=== WHAT IS EXPECTED ===
Taking only the lines of the data below from the line with "does this image" to the line with "Answer the question", ends included, write them out exactly and without pictures.

=== GIVEN DATA ===
-------------------------
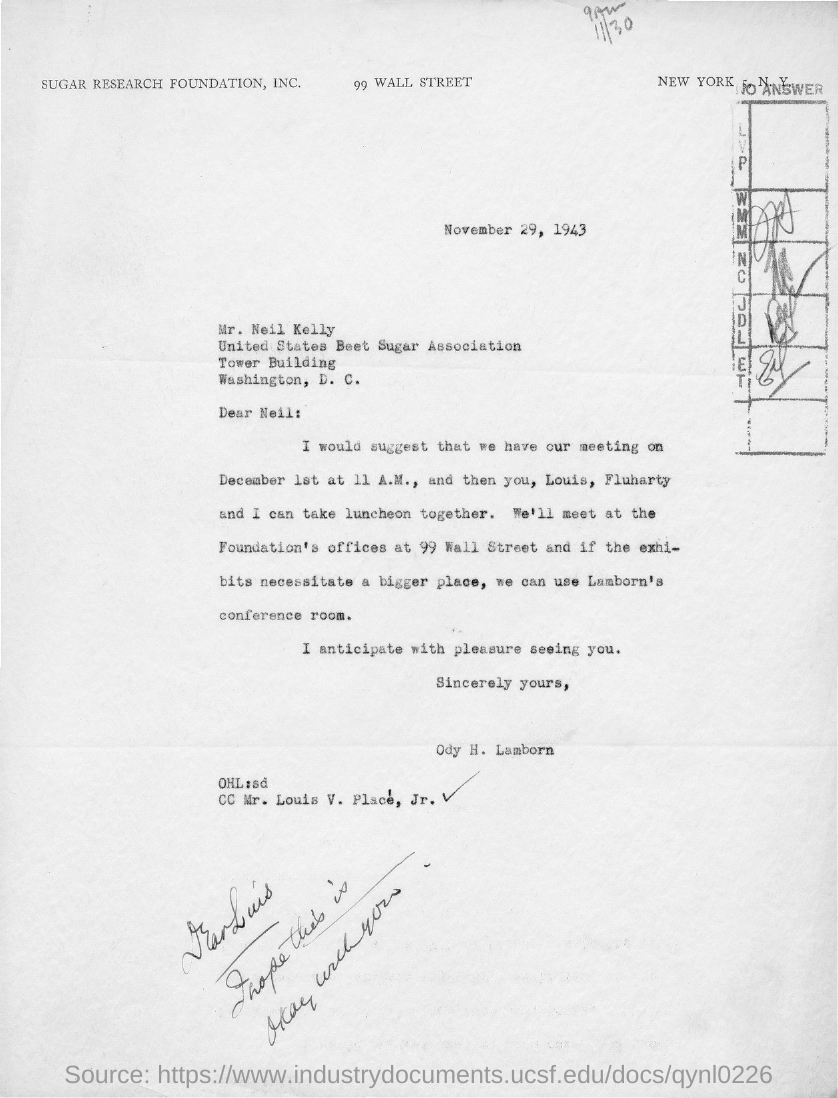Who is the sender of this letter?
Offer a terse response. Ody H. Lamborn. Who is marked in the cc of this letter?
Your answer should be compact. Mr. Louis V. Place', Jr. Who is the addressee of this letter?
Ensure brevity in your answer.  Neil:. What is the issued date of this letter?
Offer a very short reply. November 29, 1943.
-------------------------
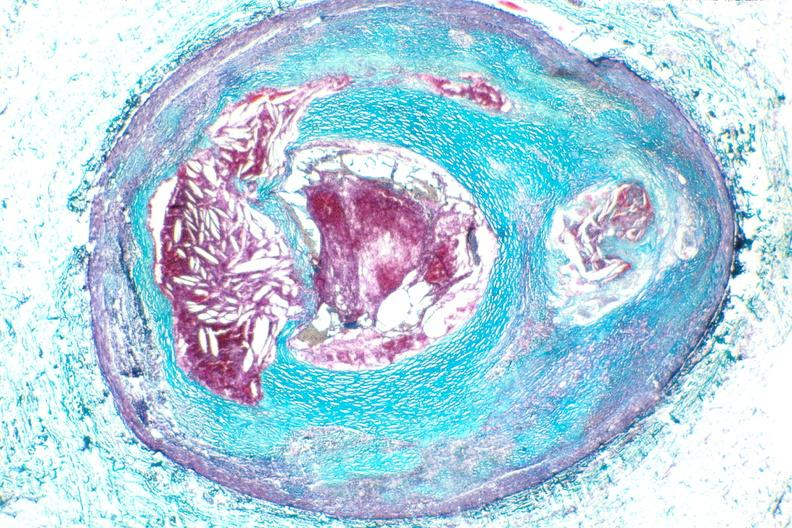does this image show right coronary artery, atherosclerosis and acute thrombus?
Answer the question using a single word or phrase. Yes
-------------------------
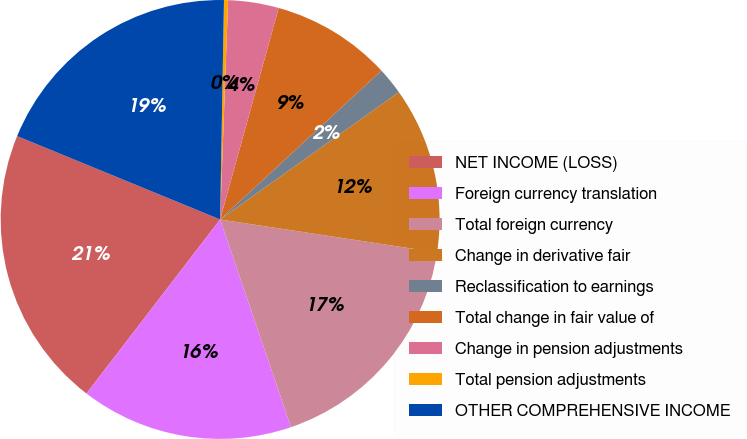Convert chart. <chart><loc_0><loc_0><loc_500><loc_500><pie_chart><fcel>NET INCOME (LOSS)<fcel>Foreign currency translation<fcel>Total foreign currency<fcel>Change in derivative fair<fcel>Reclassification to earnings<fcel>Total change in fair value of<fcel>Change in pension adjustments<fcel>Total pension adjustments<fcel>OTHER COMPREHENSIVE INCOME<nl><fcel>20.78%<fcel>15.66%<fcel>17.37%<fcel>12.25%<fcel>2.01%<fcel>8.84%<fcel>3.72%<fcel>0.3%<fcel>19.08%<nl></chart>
-------------------------
=== RESPONSE AREA ===
does this image show right coronary artery, atherosclerosis and acute thrombus?
Answer the question using a single word or phrase. Yes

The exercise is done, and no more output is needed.